Results and Discussion 

Overall similarity to reading and lecture. The AMC similarity measure, which relies on 
syntactic as well as lexical similarity, produced somewhat different results from simpler bag-of- 
word or //-gram measures. In particular, we found a difference in behavior between native and 
non-native speakers: Non-native speakers showed increased structural similarity to the lecture 
with increasing scores, but native speakers did not. 
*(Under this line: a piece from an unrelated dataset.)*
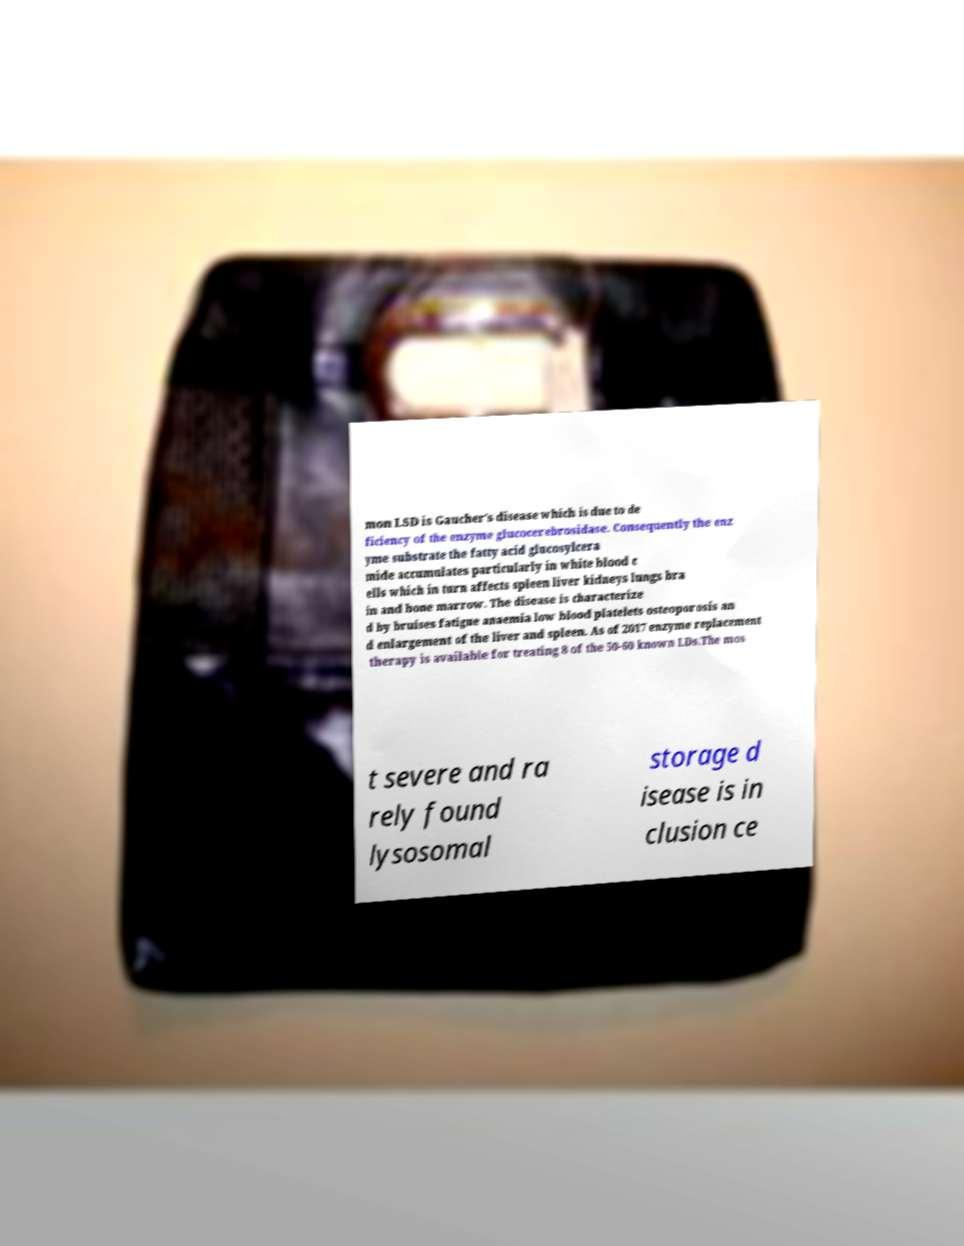Can you read and provide the text displayed in the image?This photo seems to have some interesting text. Can you extract and type it out for me? mon LSD is Gaucher's disease which is due to de ficiency of the enzyme glucocerebrosidase. Consequently the enz yme substrate the fatty acid glucosylcera mide accumulates particularly in white blood c ells which in turn affects spleen liver kidneys lungs bra in and bone marrow. The disease is characterize d by bruises fatigue anaemia low blood platelets osteoporosis an d enlargement of the liver and spleen. As of 2017 enzyme replacement therapy is available for treating 8 of the 50-60 known LDs.The mos t severe and ra rely found lysosomal storage d isease is in clusion ce 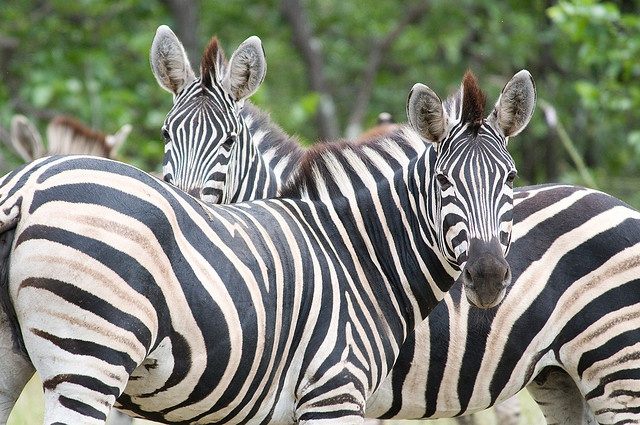Describe the objects in this image and their specific colors. I can see zebra in darkgreen, lightgray, gray, black, and darkgray tones, zebra in darkgreen, lightgray, black, gray, and darkgray tones, zebra in darkgreen, lightgray, darkgray, gray, and black tones, and zebra in darkgreen, darkgray, gray, and lightgray tones in this image.

However, the AMC similarity measures did not predict overall score well. The AMC 
similarity between the reading and the student response accounted for 18% of the variance; the 
AMC similarity between the lecture and the student response accounted for 27% of the variance, 
slightly less than the difference between the AMC cosines for reading and lecture. This relatively 
low level of agreement may be due to the fact that the tuple features made use of only a small 
portion of the structure of each passage (essentially, only words occupying the subject, object, 
and verb positions in each clause). Despite this relatively low performance, a significant group 
trend was apparent. 

For non-native speakers, the trend of increased AMC between the essay and the lecture 
was significant (F— 10.9). On the other hand, no significant increase in AMC was found 
between non-native essays and the reading (F = 3.4). Overall, for non-native speakers the mean 
AMC was higher for the reading than for the lecture (. 114 versus .08). 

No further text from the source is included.